▶ **Exercise requirements**
Filter by the string "JOINT": return the lines of the material that contain it.

▶ **Given records**

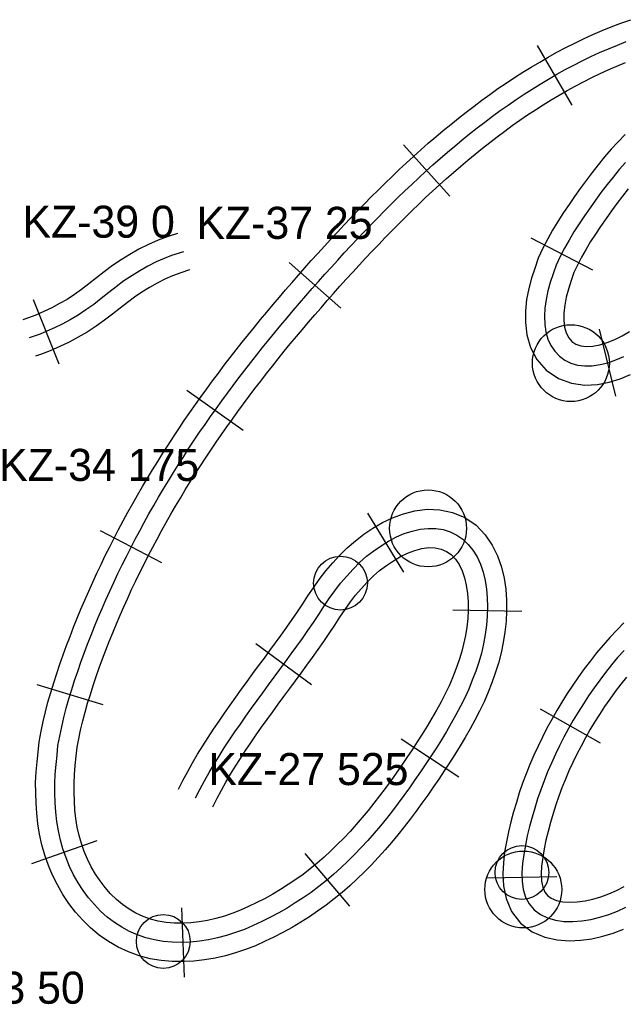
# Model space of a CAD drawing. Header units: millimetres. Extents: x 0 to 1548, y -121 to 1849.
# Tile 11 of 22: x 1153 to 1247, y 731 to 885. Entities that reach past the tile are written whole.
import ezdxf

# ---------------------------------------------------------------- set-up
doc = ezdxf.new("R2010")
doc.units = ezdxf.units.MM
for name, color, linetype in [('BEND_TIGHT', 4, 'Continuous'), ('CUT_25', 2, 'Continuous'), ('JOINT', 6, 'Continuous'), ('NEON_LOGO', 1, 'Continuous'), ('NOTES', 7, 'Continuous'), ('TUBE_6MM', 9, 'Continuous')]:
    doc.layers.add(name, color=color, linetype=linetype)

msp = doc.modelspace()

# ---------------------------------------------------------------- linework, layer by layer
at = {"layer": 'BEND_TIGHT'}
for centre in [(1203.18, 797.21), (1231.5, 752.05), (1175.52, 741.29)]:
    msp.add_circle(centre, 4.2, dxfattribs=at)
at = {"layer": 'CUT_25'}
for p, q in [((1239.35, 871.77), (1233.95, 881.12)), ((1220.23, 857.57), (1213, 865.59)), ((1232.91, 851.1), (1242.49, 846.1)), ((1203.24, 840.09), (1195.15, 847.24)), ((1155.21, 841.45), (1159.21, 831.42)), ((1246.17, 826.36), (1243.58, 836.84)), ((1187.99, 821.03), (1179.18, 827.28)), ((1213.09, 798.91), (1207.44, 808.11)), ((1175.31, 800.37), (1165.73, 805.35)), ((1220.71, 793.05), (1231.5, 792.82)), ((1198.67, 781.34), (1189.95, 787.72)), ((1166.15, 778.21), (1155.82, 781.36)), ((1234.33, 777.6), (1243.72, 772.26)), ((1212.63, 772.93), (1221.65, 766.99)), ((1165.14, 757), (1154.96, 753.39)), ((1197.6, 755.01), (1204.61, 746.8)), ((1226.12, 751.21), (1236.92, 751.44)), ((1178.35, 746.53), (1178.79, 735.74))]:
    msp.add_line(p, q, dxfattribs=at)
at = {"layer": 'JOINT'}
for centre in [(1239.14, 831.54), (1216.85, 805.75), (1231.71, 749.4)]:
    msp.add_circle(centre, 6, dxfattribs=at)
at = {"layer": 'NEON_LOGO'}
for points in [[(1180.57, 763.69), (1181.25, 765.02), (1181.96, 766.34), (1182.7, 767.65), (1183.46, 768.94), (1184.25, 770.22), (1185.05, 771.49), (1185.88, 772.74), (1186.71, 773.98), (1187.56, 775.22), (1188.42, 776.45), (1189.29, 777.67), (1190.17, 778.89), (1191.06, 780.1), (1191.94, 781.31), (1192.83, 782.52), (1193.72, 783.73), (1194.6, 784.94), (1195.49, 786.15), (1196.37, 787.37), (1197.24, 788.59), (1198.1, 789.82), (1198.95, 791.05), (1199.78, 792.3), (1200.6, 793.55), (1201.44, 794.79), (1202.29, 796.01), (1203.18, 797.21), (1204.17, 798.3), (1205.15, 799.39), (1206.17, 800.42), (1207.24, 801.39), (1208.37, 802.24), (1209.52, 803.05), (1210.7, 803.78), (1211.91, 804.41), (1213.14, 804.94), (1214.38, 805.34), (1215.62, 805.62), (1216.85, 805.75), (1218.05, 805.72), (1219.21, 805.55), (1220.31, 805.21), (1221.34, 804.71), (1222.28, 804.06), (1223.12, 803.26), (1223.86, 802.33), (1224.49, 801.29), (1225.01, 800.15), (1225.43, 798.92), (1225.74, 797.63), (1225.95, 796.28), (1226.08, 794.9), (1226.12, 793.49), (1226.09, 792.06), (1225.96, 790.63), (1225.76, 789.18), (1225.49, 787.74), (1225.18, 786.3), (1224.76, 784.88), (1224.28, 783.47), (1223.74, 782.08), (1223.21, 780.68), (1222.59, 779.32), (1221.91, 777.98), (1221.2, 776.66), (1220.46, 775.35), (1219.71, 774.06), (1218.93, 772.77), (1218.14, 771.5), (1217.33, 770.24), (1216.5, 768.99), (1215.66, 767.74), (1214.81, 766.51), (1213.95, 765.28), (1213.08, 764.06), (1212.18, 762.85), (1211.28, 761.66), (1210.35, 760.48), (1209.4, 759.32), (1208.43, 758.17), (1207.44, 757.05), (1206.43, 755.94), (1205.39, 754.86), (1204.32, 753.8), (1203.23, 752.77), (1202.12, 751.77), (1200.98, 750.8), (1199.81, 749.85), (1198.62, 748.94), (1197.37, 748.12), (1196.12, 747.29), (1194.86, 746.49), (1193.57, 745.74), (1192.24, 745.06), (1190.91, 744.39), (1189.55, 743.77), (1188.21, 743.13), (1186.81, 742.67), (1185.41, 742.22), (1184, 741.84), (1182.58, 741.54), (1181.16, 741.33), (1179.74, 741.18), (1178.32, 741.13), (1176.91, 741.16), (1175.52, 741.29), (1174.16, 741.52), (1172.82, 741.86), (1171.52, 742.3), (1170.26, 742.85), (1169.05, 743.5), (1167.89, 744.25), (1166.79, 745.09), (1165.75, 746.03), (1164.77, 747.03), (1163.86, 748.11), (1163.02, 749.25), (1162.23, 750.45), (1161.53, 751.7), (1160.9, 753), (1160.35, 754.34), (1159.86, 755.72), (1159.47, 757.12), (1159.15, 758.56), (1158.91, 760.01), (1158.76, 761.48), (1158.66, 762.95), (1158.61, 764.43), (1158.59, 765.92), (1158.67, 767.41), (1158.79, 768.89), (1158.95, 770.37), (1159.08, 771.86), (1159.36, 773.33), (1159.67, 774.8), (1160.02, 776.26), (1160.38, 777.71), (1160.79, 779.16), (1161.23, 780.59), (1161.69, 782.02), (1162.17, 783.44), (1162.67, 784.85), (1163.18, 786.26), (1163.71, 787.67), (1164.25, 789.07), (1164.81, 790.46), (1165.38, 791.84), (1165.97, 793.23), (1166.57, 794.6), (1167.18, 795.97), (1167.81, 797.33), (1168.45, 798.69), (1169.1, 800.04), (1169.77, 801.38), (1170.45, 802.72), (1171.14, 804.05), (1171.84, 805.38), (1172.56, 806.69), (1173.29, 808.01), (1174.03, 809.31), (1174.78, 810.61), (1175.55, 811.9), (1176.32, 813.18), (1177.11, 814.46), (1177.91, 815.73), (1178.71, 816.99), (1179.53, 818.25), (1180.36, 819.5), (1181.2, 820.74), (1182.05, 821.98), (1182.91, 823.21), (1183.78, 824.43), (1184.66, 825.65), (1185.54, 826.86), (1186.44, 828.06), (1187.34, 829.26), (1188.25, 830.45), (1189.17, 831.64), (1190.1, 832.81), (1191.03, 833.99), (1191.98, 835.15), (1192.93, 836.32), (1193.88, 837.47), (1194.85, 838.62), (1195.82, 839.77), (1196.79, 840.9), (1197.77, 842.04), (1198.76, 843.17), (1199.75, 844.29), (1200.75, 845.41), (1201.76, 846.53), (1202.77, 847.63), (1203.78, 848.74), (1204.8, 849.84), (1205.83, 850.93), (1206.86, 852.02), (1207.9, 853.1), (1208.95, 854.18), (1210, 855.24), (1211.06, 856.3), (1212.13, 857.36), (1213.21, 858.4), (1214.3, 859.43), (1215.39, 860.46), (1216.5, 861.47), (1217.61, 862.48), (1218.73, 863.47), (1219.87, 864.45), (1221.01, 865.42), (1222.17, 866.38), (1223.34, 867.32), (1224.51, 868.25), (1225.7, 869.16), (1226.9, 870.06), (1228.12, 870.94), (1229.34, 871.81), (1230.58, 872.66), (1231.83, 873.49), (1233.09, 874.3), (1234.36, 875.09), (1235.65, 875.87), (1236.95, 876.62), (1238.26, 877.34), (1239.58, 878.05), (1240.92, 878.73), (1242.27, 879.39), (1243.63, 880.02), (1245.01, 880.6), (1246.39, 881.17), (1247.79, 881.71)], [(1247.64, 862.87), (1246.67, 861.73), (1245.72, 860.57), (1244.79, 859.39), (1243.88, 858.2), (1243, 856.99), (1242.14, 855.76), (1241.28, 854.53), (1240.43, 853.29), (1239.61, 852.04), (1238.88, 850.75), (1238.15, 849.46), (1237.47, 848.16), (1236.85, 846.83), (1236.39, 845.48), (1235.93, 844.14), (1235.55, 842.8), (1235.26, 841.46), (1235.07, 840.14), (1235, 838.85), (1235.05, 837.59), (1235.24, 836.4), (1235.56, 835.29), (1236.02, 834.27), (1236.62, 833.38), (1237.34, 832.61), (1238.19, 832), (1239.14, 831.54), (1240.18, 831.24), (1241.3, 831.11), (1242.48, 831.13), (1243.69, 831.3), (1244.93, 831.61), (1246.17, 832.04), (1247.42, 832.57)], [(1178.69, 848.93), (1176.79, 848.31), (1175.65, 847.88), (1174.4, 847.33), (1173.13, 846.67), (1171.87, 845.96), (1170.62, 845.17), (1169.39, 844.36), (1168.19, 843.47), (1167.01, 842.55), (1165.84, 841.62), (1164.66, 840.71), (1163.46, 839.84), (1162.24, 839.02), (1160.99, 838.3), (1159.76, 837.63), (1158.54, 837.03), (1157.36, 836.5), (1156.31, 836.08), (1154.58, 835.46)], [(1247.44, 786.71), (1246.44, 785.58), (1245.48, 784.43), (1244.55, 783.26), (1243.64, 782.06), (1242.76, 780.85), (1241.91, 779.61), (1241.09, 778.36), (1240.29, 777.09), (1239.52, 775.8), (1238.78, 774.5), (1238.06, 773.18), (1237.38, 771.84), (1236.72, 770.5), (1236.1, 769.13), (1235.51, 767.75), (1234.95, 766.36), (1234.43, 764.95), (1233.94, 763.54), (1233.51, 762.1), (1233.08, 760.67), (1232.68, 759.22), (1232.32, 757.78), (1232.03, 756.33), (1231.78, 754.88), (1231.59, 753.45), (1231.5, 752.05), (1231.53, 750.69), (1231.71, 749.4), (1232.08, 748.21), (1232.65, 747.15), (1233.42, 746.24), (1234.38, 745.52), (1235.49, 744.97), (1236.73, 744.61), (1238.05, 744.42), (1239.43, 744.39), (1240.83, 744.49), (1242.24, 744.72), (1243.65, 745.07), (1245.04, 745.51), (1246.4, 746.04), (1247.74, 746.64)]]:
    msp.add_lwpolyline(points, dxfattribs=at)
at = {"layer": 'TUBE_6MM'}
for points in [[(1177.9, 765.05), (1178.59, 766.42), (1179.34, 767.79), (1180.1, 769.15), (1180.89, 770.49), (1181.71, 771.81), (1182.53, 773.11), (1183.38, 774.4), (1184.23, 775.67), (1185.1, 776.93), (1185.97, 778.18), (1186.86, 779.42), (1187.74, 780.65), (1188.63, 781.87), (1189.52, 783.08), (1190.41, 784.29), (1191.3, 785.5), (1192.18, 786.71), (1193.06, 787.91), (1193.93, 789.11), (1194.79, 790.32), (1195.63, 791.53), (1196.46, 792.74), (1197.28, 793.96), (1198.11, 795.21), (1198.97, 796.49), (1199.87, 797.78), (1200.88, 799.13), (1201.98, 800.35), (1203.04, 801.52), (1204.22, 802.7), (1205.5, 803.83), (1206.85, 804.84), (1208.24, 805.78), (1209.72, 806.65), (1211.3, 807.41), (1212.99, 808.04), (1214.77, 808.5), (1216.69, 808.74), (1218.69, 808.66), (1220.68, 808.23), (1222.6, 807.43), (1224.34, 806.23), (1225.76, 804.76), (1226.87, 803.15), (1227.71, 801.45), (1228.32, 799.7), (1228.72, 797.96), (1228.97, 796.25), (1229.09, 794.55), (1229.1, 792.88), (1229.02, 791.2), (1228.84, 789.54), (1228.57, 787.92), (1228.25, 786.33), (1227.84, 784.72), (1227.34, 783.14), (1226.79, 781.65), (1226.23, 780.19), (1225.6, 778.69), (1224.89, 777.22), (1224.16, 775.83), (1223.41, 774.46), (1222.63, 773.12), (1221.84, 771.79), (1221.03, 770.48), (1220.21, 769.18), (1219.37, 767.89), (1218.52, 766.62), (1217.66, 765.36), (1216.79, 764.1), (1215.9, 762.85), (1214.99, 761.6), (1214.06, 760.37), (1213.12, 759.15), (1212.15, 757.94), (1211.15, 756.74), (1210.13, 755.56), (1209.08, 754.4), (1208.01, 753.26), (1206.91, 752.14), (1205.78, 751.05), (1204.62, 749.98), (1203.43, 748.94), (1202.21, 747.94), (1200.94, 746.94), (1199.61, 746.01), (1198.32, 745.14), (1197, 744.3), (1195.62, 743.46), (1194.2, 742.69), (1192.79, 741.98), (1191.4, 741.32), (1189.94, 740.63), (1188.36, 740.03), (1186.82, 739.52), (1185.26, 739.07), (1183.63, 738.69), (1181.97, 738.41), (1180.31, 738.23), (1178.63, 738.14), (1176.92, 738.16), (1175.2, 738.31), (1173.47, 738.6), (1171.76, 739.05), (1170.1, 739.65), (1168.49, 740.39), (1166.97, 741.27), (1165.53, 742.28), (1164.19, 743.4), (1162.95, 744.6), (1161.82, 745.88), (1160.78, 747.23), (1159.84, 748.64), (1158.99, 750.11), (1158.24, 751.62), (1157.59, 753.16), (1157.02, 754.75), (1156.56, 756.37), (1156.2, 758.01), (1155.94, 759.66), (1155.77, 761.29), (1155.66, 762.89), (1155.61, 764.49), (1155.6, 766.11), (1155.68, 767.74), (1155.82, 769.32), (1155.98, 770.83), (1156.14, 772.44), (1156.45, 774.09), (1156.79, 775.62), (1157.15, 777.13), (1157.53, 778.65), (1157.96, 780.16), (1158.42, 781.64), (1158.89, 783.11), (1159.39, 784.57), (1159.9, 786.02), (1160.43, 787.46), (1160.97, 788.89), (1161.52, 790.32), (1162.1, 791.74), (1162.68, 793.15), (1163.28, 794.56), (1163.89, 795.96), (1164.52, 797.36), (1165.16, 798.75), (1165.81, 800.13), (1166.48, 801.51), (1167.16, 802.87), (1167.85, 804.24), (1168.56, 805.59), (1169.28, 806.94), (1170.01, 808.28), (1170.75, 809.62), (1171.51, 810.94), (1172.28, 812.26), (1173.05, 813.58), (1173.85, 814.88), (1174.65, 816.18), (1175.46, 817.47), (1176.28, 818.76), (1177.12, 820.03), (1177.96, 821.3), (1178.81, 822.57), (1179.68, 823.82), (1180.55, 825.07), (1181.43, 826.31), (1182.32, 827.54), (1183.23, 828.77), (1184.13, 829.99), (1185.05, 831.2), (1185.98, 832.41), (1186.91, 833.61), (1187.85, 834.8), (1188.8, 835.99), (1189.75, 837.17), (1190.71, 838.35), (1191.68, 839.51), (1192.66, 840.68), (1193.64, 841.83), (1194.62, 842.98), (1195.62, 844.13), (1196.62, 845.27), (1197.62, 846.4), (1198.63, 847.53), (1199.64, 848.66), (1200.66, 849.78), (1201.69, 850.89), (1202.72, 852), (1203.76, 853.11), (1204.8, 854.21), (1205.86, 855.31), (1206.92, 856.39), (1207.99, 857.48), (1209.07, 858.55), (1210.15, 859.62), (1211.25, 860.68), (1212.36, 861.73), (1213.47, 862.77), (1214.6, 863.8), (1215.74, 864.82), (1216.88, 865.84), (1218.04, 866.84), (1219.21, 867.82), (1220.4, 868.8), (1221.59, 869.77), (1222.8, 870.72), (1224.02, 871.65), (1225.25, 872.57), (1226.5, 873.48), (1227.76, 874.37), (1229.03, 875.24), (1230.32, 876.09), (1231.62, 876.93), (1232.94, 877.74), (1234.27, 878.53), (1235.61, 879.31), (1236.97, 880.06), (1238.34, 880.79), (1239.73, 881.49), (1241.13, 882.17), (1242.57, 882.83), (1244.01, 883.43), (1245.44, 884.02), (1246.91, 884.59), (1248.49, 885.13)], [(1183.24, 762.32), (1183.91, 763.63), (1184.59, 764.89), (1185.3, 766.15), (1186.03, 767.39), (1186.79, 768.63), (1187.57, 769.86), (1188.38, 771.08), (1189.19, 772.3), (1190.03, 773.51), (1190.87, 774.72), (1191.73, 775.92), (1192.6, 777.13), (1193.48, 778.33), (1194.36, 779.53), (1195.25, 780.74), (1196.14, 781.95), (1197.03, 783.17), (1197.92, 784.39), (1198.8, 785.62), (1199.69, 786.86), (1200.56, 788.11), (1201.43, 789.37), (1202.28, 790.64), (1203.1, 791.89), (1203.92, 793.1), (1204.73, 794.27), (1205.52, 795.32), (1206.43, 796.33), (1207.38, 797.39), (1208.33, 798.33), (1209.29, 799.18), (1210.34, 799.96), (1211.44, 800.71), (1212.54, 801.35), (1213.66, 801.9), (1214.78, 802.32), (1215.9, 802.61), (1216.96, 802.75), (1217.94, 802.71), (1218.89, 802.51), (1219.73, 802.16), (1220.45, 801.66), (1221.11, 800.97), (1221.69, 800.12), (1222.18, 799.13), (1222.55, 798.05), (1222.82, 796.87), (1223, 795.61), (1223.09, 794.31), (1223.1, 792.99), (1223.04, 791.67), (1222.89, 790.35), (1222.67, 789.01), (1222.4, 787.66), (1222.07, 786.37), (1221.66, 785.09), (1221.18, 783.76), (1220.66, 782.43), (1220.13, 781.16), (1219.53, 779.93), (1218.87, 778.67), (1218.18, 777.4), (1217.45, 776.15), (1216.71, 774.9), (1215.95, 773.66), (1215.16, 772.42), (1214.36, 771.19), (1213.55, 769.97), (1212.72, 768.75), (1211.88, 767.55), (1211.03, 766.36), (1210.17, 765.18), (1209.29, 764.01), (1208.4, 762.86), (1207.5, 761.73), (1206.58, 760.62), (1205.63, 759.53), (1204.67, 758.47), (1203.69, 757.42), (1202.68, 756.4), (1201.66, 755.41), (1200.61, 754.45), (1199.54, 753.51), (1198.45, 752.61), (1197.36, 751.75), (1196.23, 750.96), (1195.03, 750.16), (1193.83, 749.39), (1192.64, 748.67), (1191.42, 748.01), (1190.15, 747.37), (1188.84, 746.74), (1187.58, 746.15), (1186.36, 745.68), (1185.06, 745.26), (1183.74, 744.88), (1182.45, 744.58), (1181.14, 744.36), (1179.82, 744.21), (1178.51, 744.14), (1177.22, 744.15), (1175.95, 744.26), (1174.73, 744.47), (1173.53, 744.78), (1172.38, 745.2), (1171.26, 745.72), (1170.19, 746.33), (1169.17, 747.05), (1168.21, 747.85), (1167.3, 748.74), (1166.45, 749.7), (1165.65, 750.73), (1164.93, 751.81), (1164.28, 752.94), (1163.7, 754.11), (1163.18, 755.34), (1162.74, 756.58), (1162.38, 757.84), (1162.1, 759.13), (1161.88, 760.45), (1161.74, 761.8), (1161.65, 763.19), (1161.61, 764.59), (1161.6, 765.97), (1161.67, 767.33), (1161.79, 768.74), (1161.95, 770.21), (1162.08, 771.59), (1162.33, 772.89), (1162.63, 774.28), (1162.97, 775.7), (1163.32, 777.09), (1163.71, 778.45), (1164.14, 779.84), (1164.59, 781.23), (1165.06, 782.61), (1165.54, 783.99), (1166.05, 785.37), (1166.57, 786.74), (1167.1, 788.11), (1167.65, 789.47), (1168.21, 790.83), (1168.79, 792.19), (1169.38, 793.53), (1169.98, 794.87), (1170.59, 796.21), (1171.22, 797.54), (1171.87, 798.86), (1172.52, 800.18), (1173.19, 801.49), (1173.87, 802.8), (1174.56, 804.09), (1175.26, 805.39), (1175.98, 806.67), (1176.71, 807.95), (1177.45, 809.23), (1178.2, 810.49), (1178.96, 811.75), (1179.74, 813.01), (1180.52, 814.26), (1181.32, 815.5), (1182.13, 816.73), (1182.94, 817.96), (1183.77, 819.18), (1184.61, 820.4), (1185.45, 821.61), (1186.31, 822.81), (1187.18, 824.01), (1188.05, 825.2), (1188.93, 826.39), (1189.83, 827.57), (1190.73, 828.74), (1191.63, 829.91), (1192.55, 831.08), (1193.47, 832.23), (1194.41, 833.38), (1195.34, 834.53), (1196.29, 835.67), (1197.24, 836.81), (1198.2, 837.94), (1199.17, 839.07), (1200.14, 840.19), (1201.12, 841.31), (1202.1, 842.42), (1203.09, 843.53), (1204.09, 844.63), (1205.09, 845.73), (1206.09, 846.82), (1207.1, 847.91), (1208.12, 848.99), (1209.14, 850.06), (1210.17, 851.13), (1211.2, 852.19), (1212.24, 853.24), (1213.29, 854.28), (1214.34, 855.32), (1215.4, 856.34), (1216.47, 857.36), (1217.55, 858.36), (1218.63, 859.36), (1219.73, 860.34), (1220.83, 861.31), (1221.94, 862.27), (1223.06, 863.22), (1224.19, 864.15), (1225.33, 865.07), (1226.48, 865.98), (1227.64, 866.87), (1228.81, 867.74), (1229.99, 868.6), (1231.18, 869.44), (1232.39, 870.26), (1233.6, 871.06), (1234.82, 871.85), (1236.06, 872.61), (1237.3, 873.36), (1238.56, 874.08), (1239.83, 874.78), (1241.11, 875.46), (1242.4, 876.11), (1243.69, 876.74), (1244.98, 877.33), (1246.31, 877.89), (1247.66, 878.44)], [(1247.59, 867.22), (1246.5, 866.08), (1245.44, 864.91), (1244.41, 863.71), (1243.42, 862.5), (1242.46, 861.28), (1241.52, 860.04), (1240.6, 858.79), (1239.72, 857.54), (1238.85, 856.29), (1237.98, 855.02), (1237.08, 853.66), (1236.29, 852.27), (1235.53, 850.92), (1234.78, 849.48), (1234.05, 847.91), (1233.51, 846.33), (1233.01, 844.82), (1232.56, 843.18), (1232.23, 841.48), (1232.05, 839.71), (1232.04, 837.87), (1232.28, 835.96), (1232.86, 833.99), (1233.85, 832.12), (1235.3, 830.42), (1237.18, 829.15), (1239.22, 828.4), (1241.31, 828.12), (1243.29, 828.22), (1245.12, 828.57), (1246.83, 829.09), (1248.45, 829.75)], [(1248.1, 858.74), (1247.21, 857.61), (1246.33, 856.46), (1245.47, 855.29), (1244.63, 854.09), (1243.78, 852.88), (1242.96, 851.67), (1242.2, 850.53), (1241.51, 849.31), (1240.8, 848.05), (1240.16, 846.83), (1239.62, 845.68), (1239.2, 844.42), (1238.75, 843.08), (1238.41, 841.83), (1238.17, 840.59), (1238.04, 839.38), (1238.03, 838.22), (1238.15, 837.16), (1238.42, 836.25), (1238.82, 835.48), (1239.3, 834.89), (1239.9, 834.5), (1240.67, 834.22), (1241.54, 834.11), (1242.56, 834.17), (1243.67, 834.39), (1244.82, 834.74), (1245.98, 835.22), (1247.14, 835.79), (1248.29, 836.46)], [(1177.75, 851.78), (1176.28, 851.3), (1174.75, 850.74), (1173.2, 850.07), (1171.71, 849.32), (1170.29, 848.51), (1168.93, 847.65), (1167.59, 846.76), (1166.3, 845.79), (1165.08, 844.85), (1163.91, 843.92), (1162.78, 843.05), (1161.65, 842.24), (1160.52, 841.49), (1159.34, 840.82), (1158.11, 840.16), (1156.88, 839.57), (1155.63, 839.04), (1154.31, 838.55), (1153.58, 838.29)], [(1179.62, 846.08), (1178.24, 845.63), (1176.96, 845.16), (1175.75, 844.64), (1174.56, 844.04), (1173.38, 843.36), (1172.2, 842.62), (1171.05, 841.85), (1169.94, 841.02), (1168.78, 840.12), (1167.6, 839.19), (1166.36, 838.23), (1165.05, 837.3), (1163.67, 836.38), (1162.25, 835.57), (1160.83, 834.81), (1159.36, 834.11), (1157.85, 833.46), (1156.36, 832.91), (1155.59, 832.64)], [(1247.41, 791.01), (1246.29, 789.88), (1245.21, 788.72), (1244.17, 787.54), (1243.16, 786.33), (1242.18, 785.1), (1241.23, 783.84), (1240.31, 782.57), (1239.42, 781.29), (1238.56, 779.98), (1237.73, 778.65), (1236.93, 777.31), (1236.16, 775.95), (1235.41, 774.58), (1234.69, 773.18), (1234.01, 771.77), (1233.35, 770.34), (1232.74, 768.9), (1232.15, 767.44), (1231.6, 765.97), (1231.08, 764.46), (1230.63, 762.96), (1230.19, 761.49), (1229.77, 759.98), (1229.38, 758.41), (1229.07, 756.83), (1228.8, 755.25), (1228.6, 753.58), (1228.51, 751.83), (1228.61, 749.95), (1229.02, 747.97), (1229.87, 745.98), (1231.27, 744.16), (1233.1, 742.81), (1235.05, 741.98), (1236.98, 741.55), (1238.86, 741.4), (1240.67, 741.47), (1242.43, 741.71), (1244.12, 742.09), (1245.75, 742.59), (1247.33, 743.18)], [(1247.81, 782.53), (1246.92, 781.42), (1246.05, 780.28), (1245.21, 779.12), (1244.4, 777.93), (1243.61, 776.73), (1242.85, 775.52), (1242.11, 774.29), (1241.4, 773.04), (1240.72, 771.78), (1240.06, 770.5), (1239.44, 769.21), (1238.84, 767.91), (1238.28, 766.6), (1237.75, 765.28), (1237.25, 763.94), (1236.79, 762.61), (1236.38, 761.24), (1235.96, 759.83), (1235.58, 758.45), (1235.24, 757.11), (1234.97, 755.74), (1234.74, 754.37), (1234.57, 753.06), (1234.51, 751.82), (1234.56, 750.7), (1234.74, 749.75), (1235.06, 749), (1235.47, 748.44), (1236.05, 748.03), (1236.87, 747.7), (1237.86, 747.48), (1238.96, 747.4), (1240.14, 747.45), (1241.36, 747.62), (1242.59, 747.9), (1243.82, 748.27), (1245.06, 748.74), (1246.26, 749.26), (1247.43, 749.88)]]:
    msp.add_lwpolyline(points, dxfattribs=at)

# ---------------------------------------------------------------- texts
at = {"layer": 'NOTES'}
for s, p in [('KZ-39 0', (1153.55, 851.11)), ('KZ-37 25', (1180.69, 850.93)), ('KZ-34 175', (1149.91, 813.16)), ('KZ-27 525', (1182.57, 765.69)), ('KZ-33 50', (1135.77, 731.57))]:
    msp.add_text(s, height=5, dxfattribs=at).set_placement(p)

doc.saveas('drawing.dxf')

▶ **Exercise output**
for name, color, linetype in [('BEND_TIGHT', 4, 'Continuous'), ('CUT_25', 2, 'Continuous'), ('JOINT', 6, 'Continuous'), ('NEON_LOGO', 1, 'Continuous'), ('NOTES', 7, 'Continuous'), ('TUBE_6MM', 9, 'Continuous')]:
at = {"layer": 'JOINT'}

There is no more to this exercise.